I remember my grandfather when he was playing Armenian music together with their small Armenian band, when I was listening to “Krunk” or other Armenian music sitting on the floor of their house. When I think of my grandmother, I always recall her kitchen and а smile comes to my face at the idea.

Armenian cuisine is one of the ways of preserving the Armenian culture

From a journalist to a writer

I used to write novels before journalism. I was writing fantasy novels at the age of 8-9 when I was in high school and college. I started writing novels at the age of 20 and at that time also got interested in journalism.

USA will recognize the Armenian Genocide

There are two things that must happen. First off, Turkey must overcome its history the same way my country faced slavery and the slaughter of Native Americans becoming a better country in that way. Turkey must reach that point if it wants to have a world power. Germany could not have become a superstate hadn’t it recognized the Holocaust. I think that in the end the US President will turn to Turkey, saying: “I will not play political games with Turkey. I’ll do better like thePope and the Kardashians' did.”

Chris Bohjalian is an American novelist and the author of 15 novels, including the bestsellers Midwives and The Sandcastle Girls.

Chris Bohjalian graduated from Amherst College, where he was a member of the Phi Beta Kappa Society. In the mid-1980s, he worked as an account representative for J. Walter Thompson, an ad agency, in New York. After a threatening incident in town, he moved with his wife to Lincoln, Vermont, in 1987.

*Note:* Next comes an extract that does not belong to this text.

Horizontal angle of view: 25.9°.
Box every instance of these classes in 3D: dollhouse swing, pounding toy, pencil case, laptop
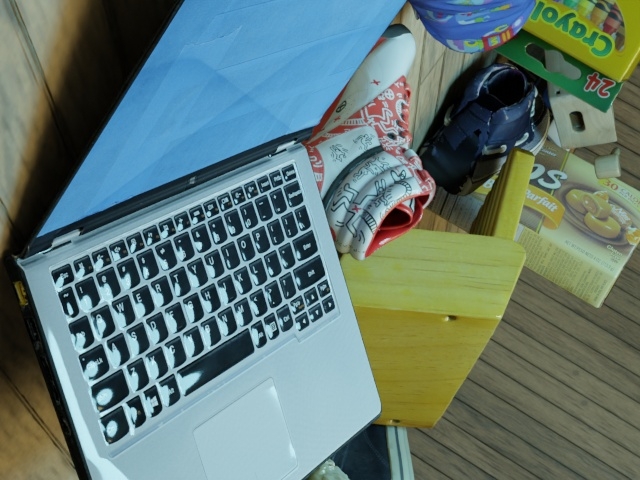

In Lincoln, Bohjalian began writing weekly columns for local newspaper and magazine about living in the small town, which had a population of about 975 residents. The column has run in the Burlington Free Press since 1992. Bohjalian has also written for such magazines as Cosmopolitan, Reader's Digest, The New York Times, and the Boston Globe Sunday Magazine.

Bohjalian's first novel, A Killing in the Real World, was released in 1988. His third novel, Past the Bleachers, was released in 1992 and was adapted to a Hallmark Channel television movie in 1995.

In 1998, Bohjalian wrote his fifth book, Midwives, a novel focusing on rural Vermont midwife Sibyl Danforth, who becomes embroiled in a legal battle after one of her patients died following an emergency Caesarean section. The novel was critically acclaimed and was selected by Oprah Winfrey as the October 1998 selection of her Oprah's Book Club, which helped push the book to great financial success. It became a New York Times and USA Today bestseller. In 2001, the novel was adapted into a Lifetime Movie Network television film starring Sissy Spacek in the lead role. Spacek said the Danforth character appealed to her because "the heart of the story is my character's inner struggle with self-doubt, the solo road you travel when you have a secret".